UDP listens for any data from any computer on a port, so on this sense yes. Also note that UDP is a primitive and a raw format can be used to fake the sender, so you should use some sort of "key" in order for the listener to verify the sender against their IP.
If data doesnt arrive typically how long may I (typically) not see data for (250ms? 1 second? 1.75sec?)
Data sent on UDP is usually disposable, so if you don't receive data, then it can easily be ignored...however, sometimes you want "semi-reliable" but you don't want 'ordered reliable' like TCP uses, 1 second is a good estimate of a drop. You can number your packets on a rotation and write your own ACK communication. When a packet is received, it records the number and sends back a bitfield letting the sender know which packets it received. You can read this unfinished document for more information (although unfinished, it still yields valiable info):
http://gafferongames.com/networking-for-game-programmers/
The big thing to know when attempting to use UDP is:
Your packets might not all make it over the line, which means there is going to be possible data corruption.
If you're working on an application where 100% of the data needs to arrive reliably to provide functionality, use TCP. If you're working on an application where some loss is allowable (streaming media, etc.) then go for UDP but don't expect everything to get from one of the pipe to the other intact.
One way to look at the difference between applications appropriate for UDP vs.

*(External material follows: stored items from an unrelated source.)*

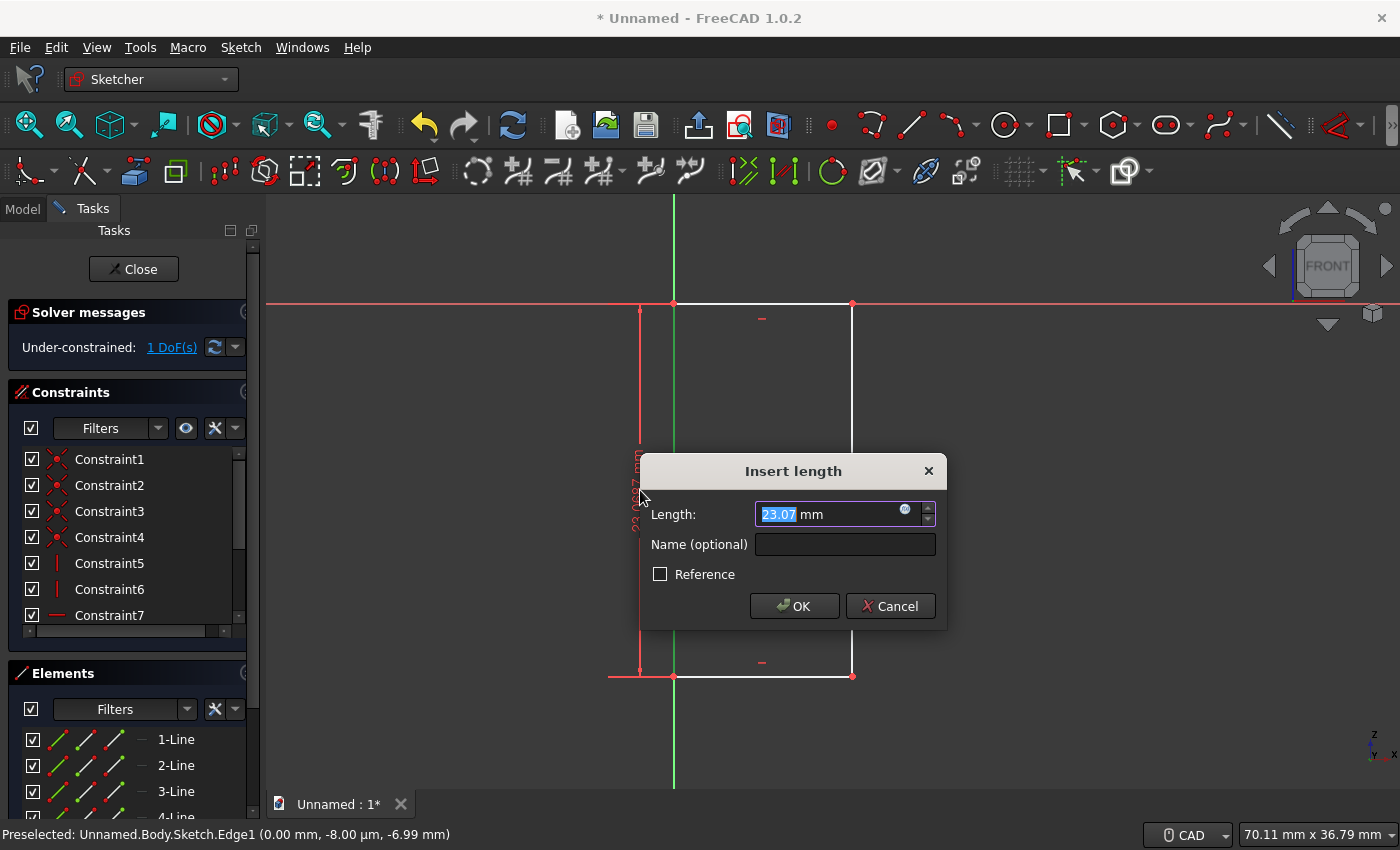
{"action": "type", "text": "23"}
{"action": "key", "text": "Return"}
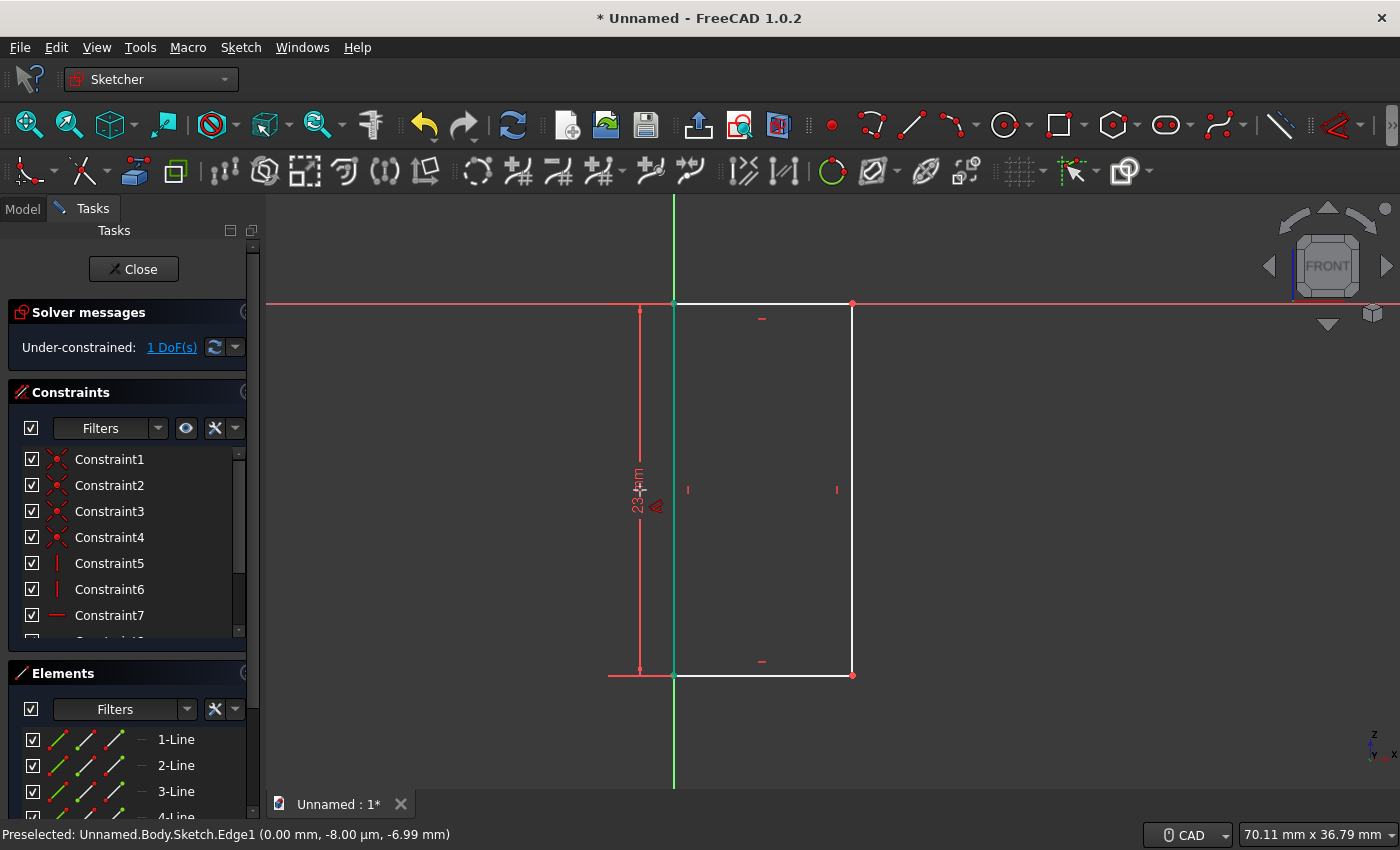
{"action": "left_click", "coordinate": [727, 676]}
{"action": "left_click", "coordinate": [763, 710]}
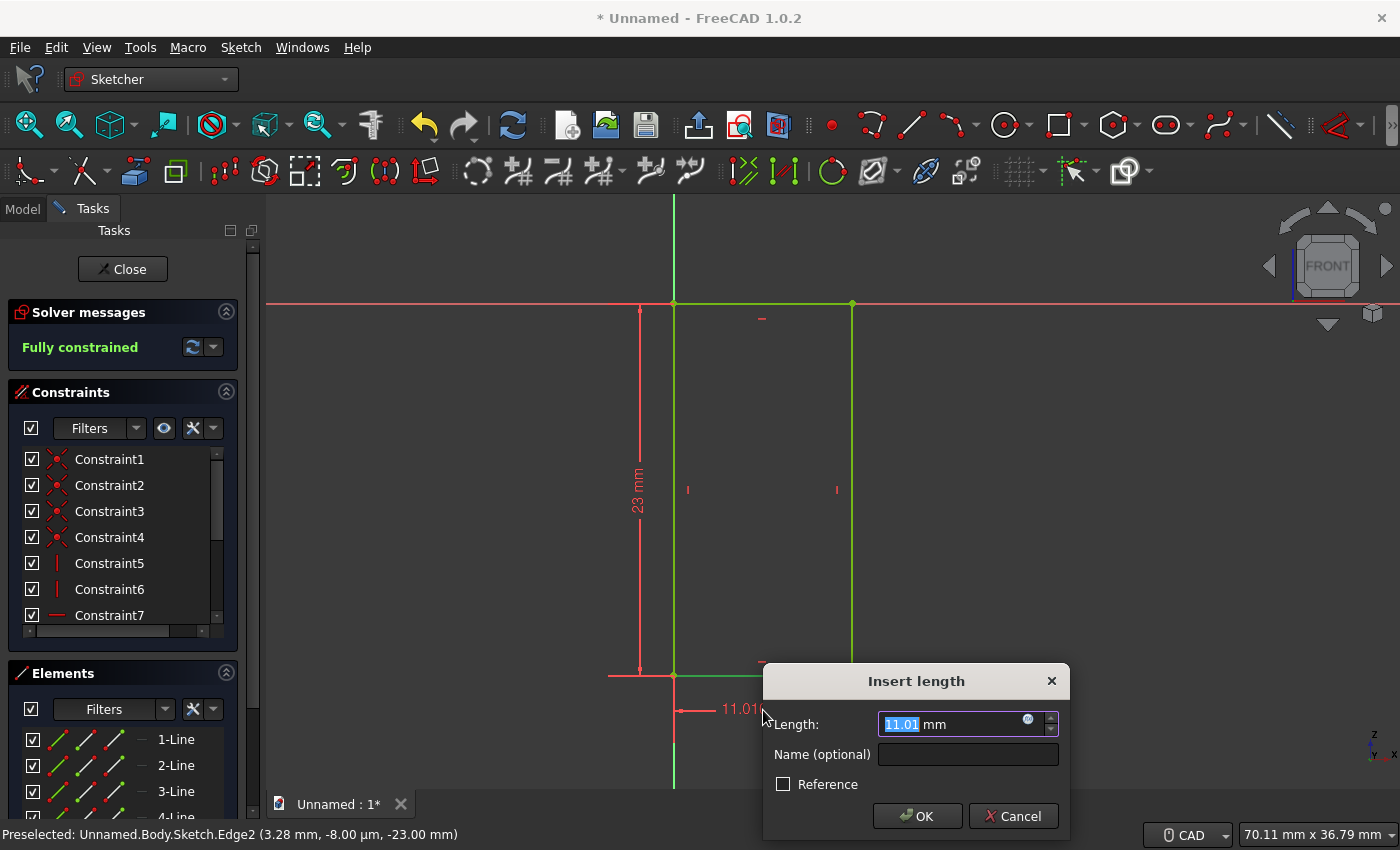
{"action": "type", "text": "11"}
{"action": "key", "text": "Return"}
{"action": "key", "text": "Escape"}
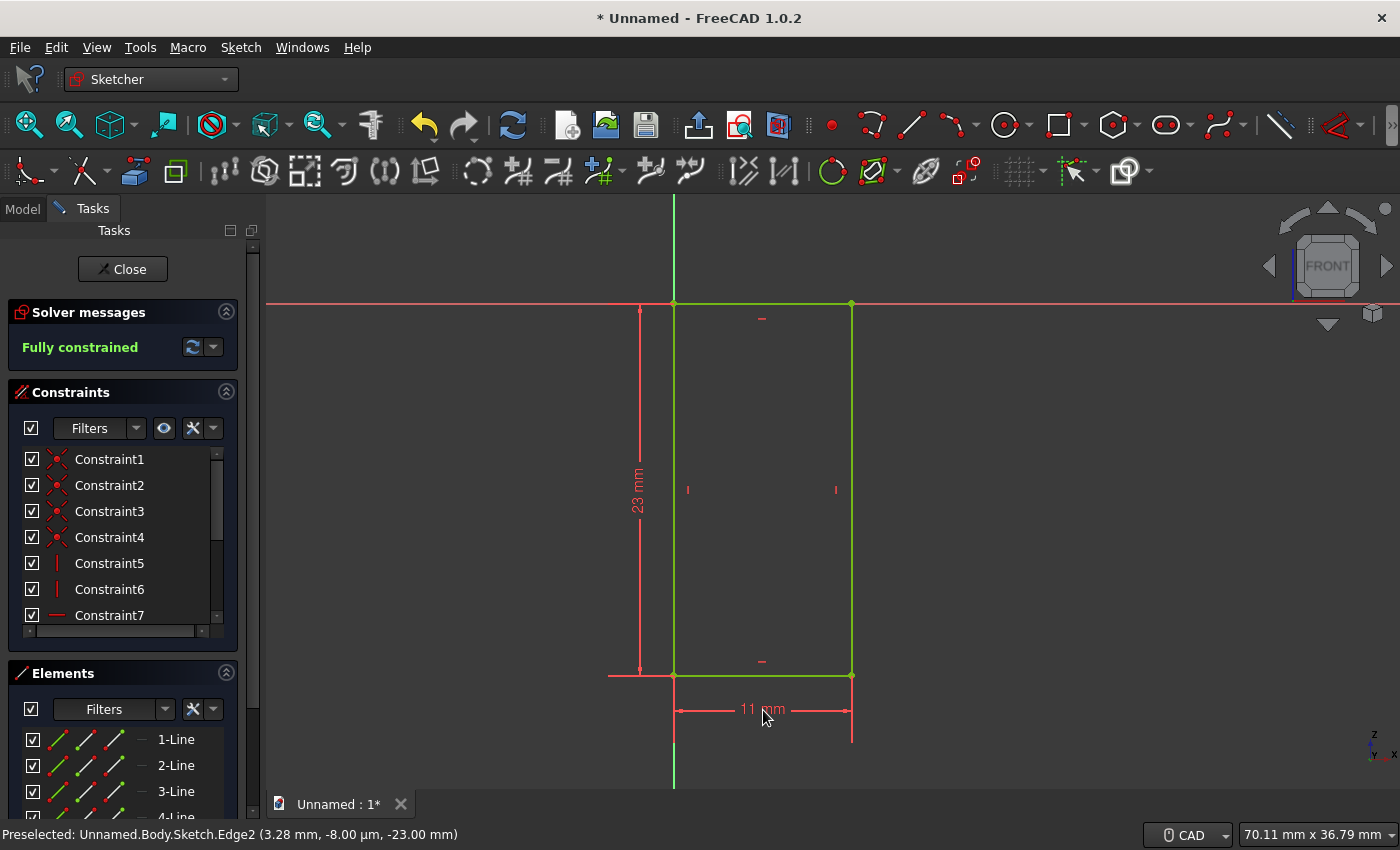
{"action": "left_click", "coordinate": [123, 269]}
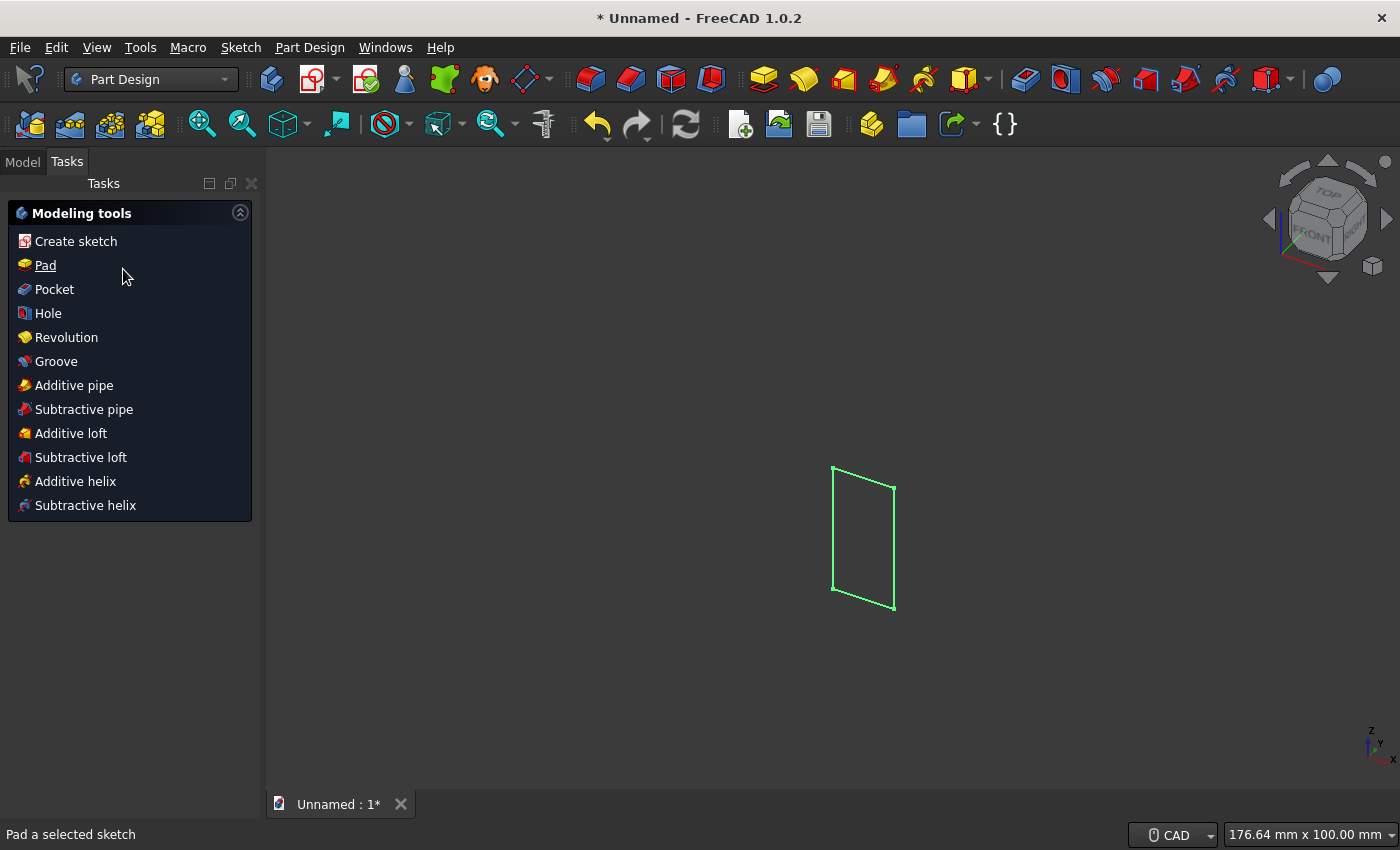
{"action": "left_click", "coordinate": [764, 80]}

TCP is that TCP is good when data delivery is "better late than never", UDP is good when data delivery is "better never than late".
Another aspect is that the stateless, best-effort nature of most UDP-based applications can make scalability a bit easier to achieve. Also note that UDP can be multicast while TCP can't.
In addition to don.neufeld's recommendation to use TCP.
For most applications TCP is easier to implement. If you need to maintain packet boundaries in a TCP stream, a good way is to transmit a two byte header before the data to delimit the messages. The header should contain the message length. At the receiving end just read two bytes and evaluate the value. Then just wait until you have received that many bytes. You then have a complete message and are ready to receive the next 2-byte header.
This gives you some of the benefit of UDP without the hassle of lost data, out-of-order packet arrival etc.
And don't assume that if you send a packet it got there.
If there is a packet size limitation imposed by some router along the way, your UDP packets could be silently truncated to that size.
Two things:
1) You may or may not received what was sent
2) Whatever you receive may not be in the same order it was sent.